The appeal of most diners to me was cheap food with a decent place to sit. A place where the waiter or waitress is rarely rushing to flip your table. In high school, you could grab a booth for several hours for the cost of a cup of coffee or a soda. No one was pushing you out the door. Just tip well and don't make a racket. It beats standing outside in the cold.
4
I get about 3 things at diners. Eggs, burgers, salad. Much of the rest of their fare is prepared off premises and warmed when you order it. I prefer fresh.
5
@MIKEinNYC That's not so. Most of them have prep kitchens you don't see that prepare the entrees, salads and such, the kitchen you see is for grilling, heating and serving. They may be in the basement, but they have them on premises. And most of them have signs saying, all baking done on premises.
7
Great piece. An example of why I subscribe with the Times and what you won't find circulating on social media.
13
I love everything about diners, the snuggle of the leatherette booths, the bright lighting in the wee-hour darkness, the efficient no-nonsense service and yes, the endless menus. The food? Well you can’t go wrong with a gyro platter; Tzadziki, Steak fries and greek salad included.
22
For fans of diner history, I suggest a trip to Worcester, Mass. That is the town where the idea of converting a “diner car” for the railroad into a pre-fab building originated. In fact, there was a thriving industry in the town manufacturing diners. About town, there are still several of the traditional diners where you can dine.
24
@SG1
And there's a very good art museum in Worcester. Definitely worth the trip.
6
@Auntie Mame And the Oldest Municipal Park in the Country.
1
The diner on Main St. in Waterville, Maine was, in my tender elementary-schoolkid youth, a place of worldly noir-ish sophistication. When I was older and saw 'Nighthawks' by Edward Hopper and read novels by Raymond Chandler, I realized that I had already imagined those people eating pie and drinking coffee in the diner.

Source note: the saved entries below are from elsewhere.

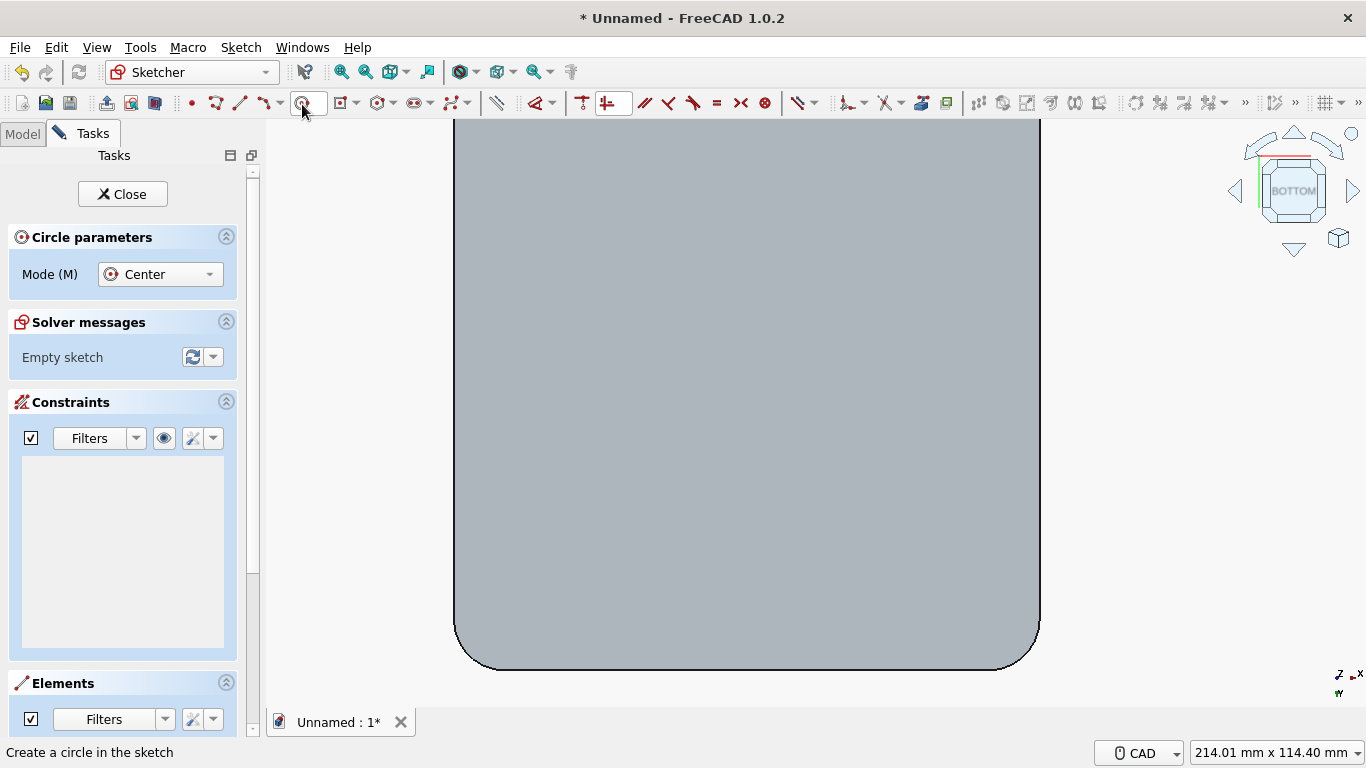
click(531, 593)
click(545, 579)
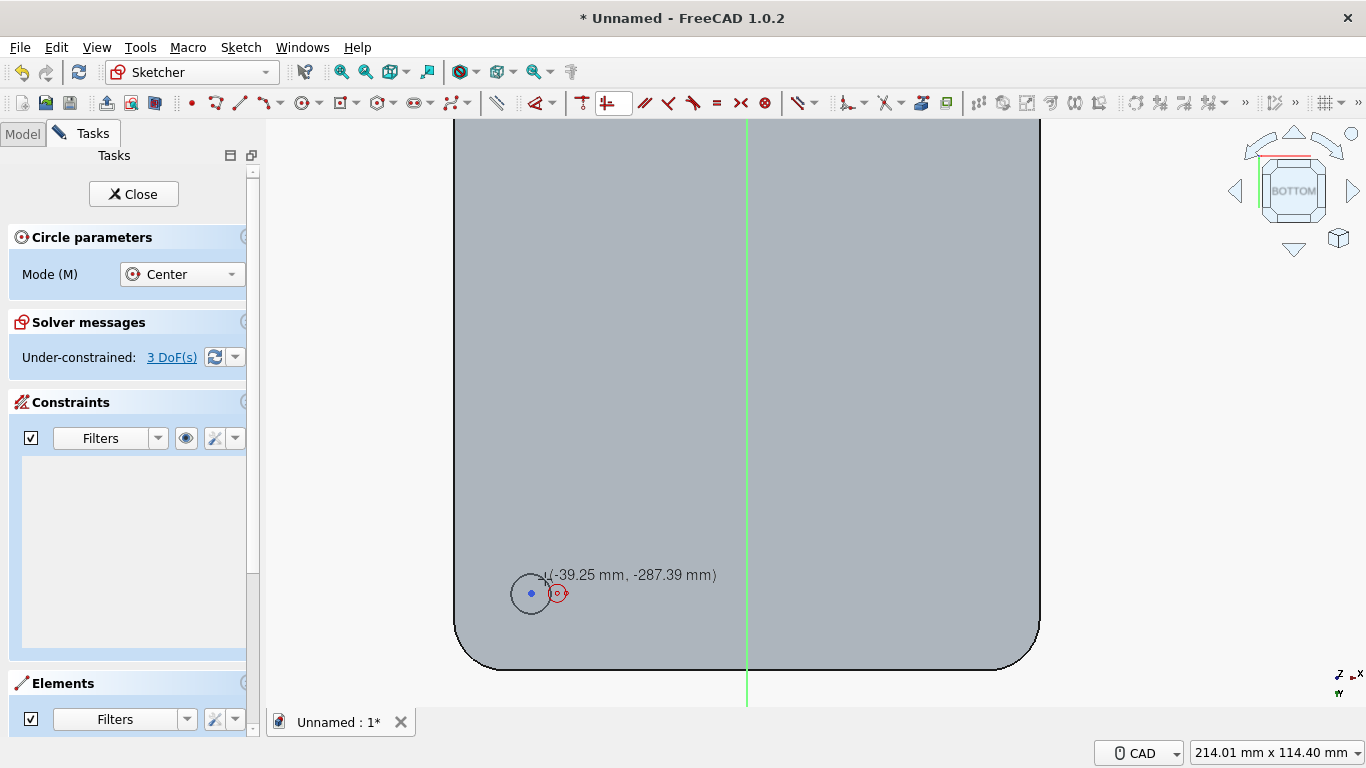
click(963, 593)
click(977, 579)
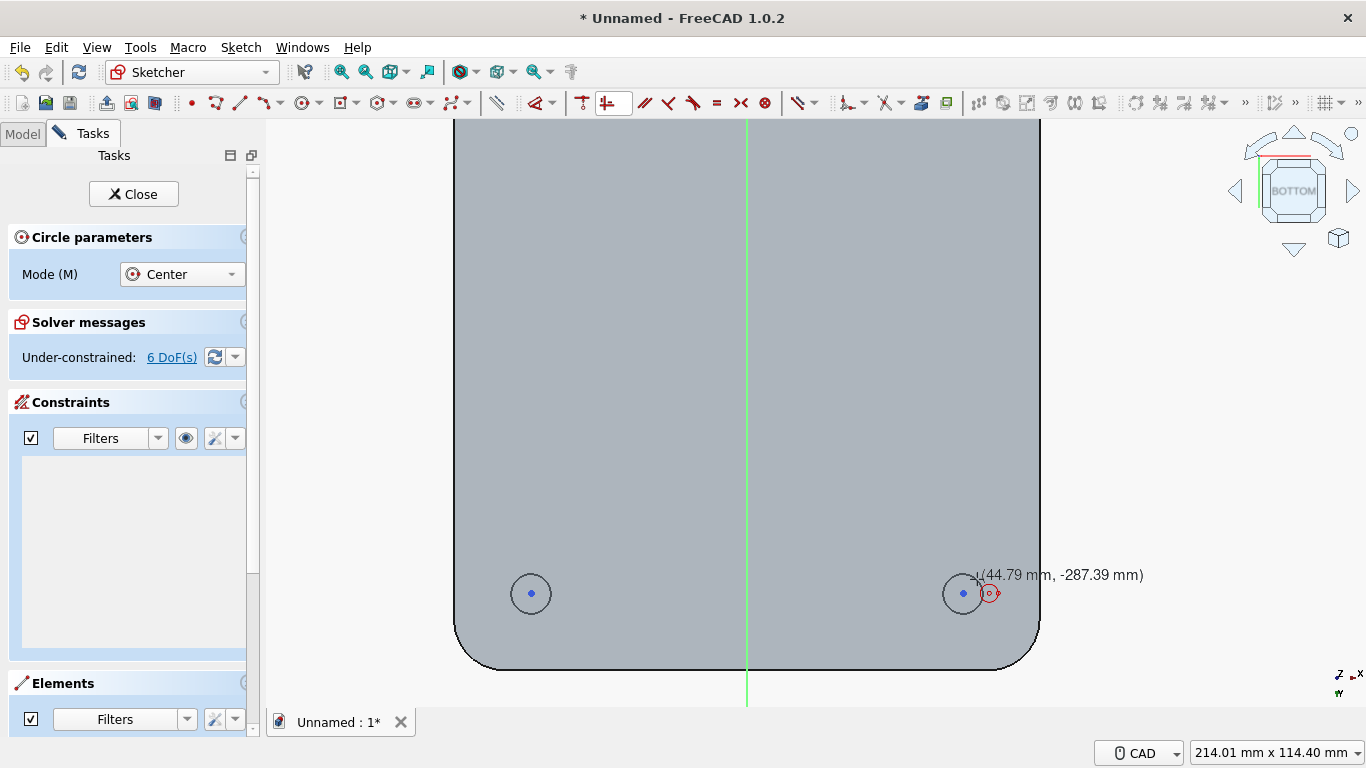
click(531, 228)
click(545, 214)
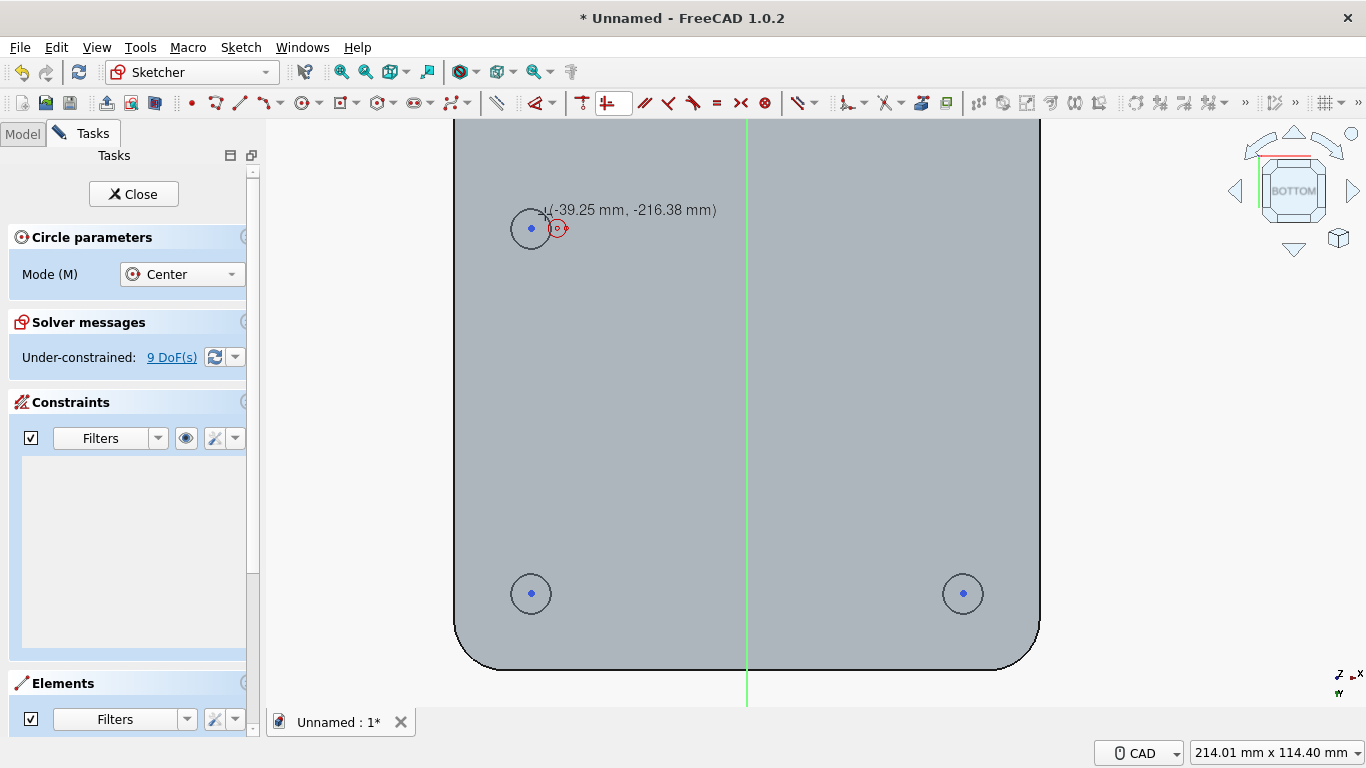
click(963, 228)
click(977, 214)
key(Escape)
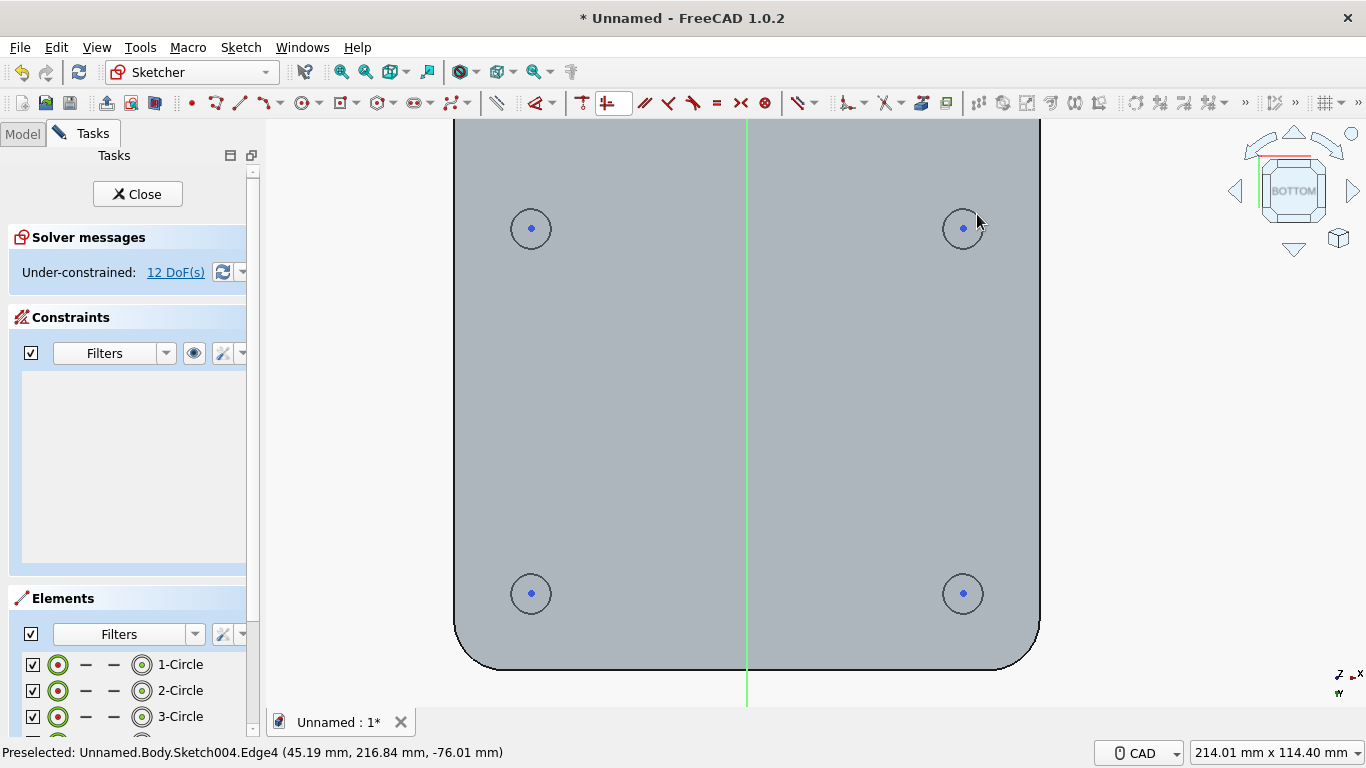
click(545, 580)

The reality was that the patrons were mostly Franco-American millworkers. And the really amazing thing at the time was that the owner actually had a Master's degree in History, and yet -- I believe this was in the late 1950s, early 1960s -- he was running a diner! How could a man throw away his education like that ...
6
He didn’t throw away that education. It “served” him quite well for the rest of his life. Critical thinking, an ability to write, and an understanding of his place in the world. Not bad goals for any education.
18
Lived in NYNY 40 years ago and every time I visit i manage to get a slice of pizza on the street and early breakfast or other
late meal at a diner. Often alone if I can help it.
Sometimes it is hard to do on account of being wined and dined to the most incredible places but a diner in NYC is America . I feel like I am part of Hopper's Nighhawks.
8
"I walked into a breakfast at any time diner, so I ordered French Toast during the Revolution."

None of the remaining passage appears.